10 L’analyse des modes d’ajustement dans l’industrie au début de la crise met en évidence la prévalence des licenciements (flexibilité externe, indemnisation par l’assurance chômage) en France et par opposition l’importance de la flexibilité interne, en particulier par l’ajustement du temps de travail en Allemagne et en Italie (Spieser, 2013). Dès la deuxième moitié de l’année 2008, on observe une chute brutale et rapide du volume d’heures travaillées – un ajustement rapide du temps de travail – dans l’industrie allemande et italienne alors qu’en France on assiste surtout à la montée du chômage des salariés précaires (CDDs, intérimaires). Les stratégies d’entreprise privilégiant le maintien de l’emploi à l’intérieur de l’entreprise au moyen d’une flexibilité interne plutôt que des réductions d’effectifs sont rendues possibles par les formes de flexibilité institutionnalisées et/ou négociées.
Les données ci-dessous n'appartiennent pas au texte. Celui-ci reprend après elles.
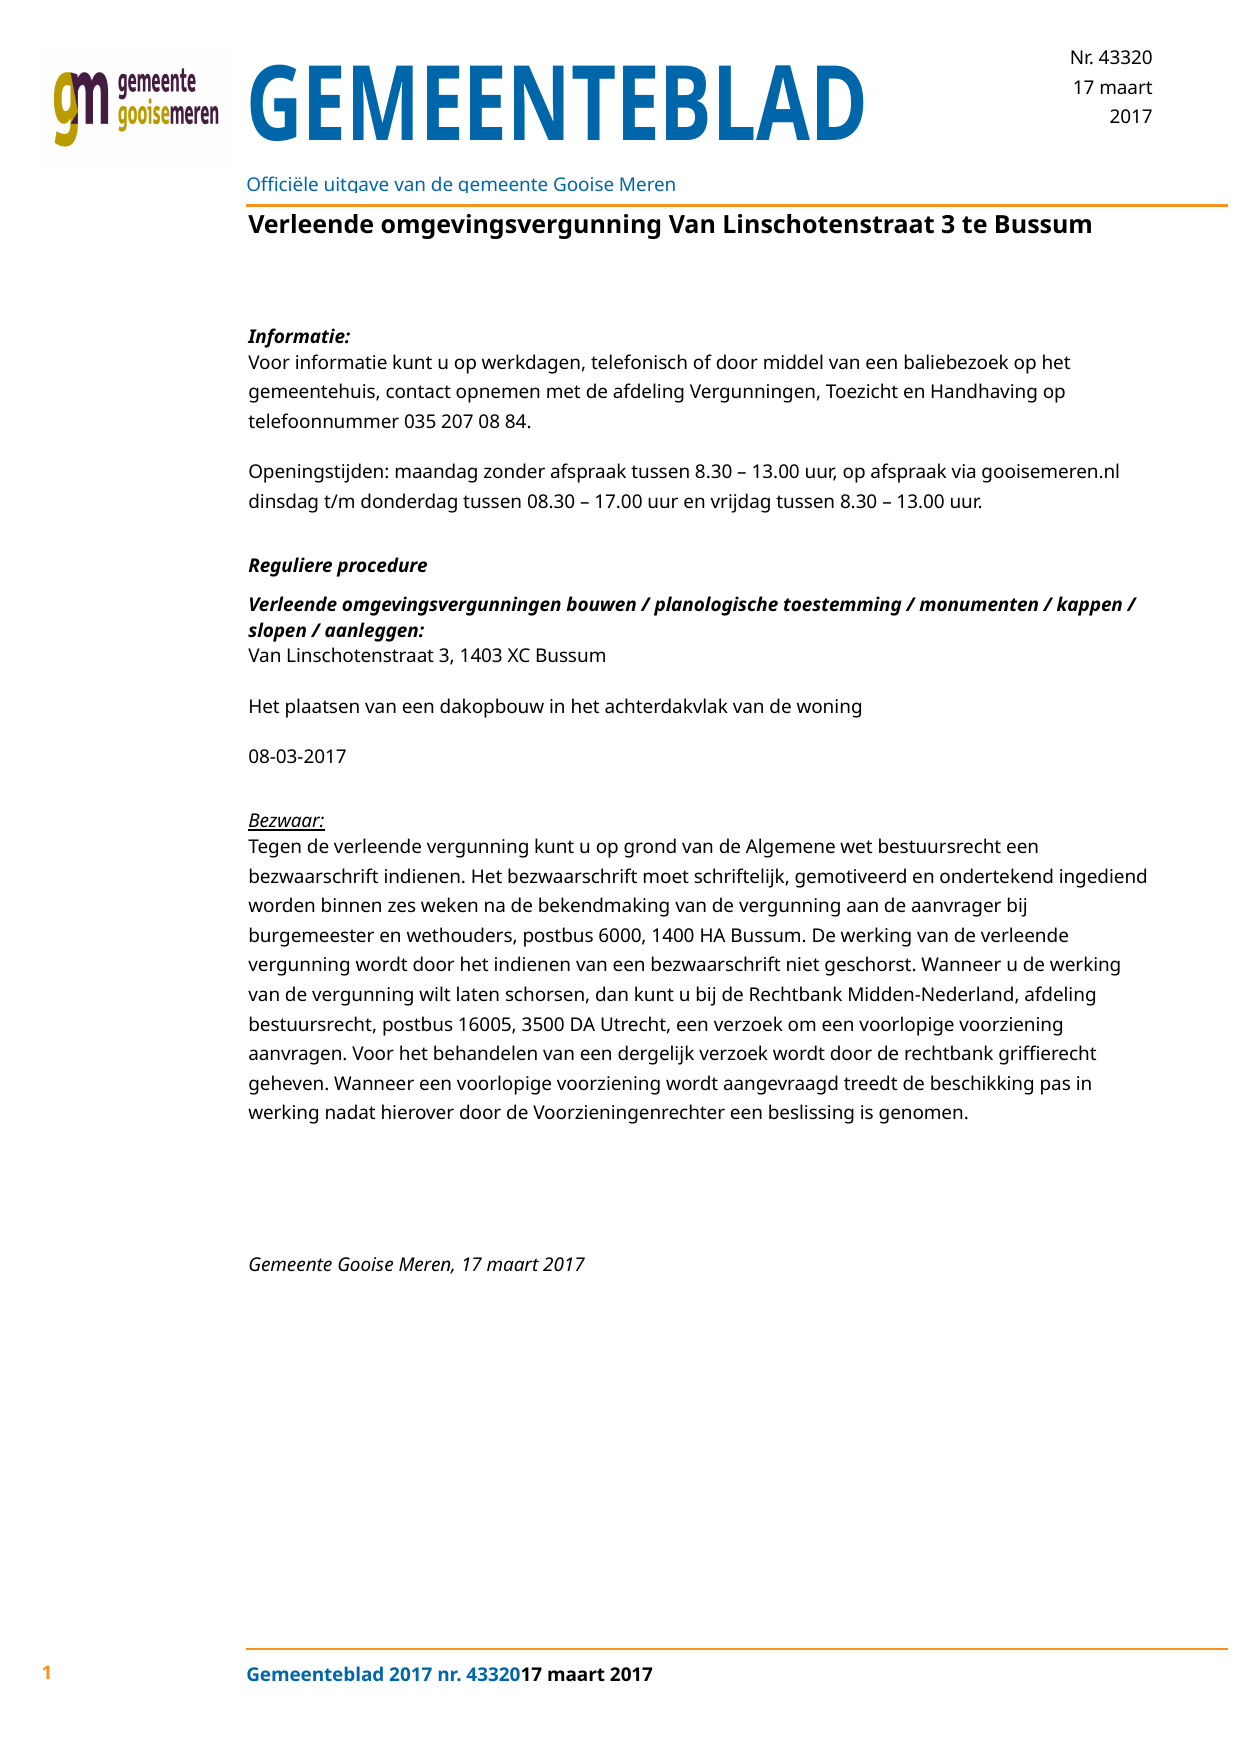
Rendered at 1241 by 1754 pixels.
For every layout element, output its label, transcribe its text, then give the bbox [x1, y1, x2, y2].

text Bezwaar: [248, 807, 1152, 833]
text Reguliere procedure [248, 552, 1152, 578]
text Tegen de verleende vergunning kunt u op grond van de Algemene wet bestuursrecht een bezwaarschrift indienen. Het bezwaarschrift moet schriftelijk, gemotiveerd en ondertekend ingediend worden binnen zes weken na de bekendmaking van de vergunning aan de aanvrager bij burgemeester en wethouders, postbus 6000, 1400 HA Bussum. De werking van de verleende vergunning wordt door het indienen van een bezwaarschrift niet geschorst. Wanneer u de werking van de vergunning wilt laten schorsen, dan kunt u bij de Rechtbank Midden-Nederland, afdeling bestuursrecht, postbus 16005, 3500 DA Utrecht, een verzoek om een voorlopige voorziening aanvragen. Voor het behandelen van een dergelijk verzoek wordt door de rechtbank griffierecht geheven. Wanneer een voorlopige voorziening wordt aangevraagd treedt de beschikking pas in werking nadat hierover door de Voorzieningenrechter een beslissing is genomen. [248, 833, 1152, 1125]
text 08-03-2017 [248, 743, 1152, 769]
text Het plaatsen van een dakopbouw in het achterdakvlak van de woning [248, 693, 1152, 719]
text Voor informatie kunt u op werkdagen, telefonisch of door middel van een baliebezoek op het gemeentehuis, contact opnemen met de afdeling Vergunningen, Toezicht en Handhaving op telefoonnummer 035 207 08 84. [248, 349, 1152, 434]
text Verleende omgevingsvergunningen bouwen / planologische toestemming / monumenten / kappen / slopen / aanleggen: [248, 591, 1152, 643]
text Verleende omgevingsvergunning Van Linschotenstraat 3 te Bussum [248, 207, 1152, 241]
text Informatie: [248, 323, 1152, 349]
text Openingstijden: maandag zonder afspraak tussen 8.30 – 13.00 uur, op afspraak via gooisemeren.nl dinsdag t/m donderdag tussen 08.30 – 17.00 uur en vrijdag tussen 8.30 – 13.00 uur. [248, 458, 1152, 514]
text Gemeente Gooise Meren, 17 maart 2017 [248, 1251, 1152, 1276]
text Van Linschotenstraat 3, 1403 XC Bussum [248, 643, 1152, 668]
picture [41, 47, 231, 172]

Dans les trois pays, il existe un instrument permettant de réduire les heures travaillées pour faire suite à une baisse de la demande (chômage partiel puis activité partielle de longue durée en France, kurzarbeit en Allemagne, cassa integrazione guadagni en Italie). Ces dispositifs ont été davantage mobilisés en Allemagne et Italie qu’en France [3], mais d’autres éléments entrent en jeu.
11 L’article s’attache à comprendre les jeux d’acteurs et de négociations qui déterminent les trajectoires des trois pays face à la crise. Il se concentre sur les négociations liées à la flexibilité et à la sécurité de l’emploi dans deux secteurs parmi les plus exposés à la crise économique mondiale et présentant une dynamique de dialogue social significative : la métallurgie et l’automobile. D’un point de vue théorique, il s’appuie sur les travaux comparés, souvent de langue anglaise, se rattachant à la sociologie des relations professionnelles (industrial relations) et à l’économie politique comparée des variétés de capitalisme. D’un point de vue empirique, il utilise des sources institutionnelles, statistiques et syndicales et s’appuie sur une sélection d’études sectorielles réalisées dans le cadre d’un projet collaboratif européen [4] en Allemagne, en Italie et en France (Bispinck et Dribbush, 2011 ; Galetto, 2011 ; Spieser, 2012).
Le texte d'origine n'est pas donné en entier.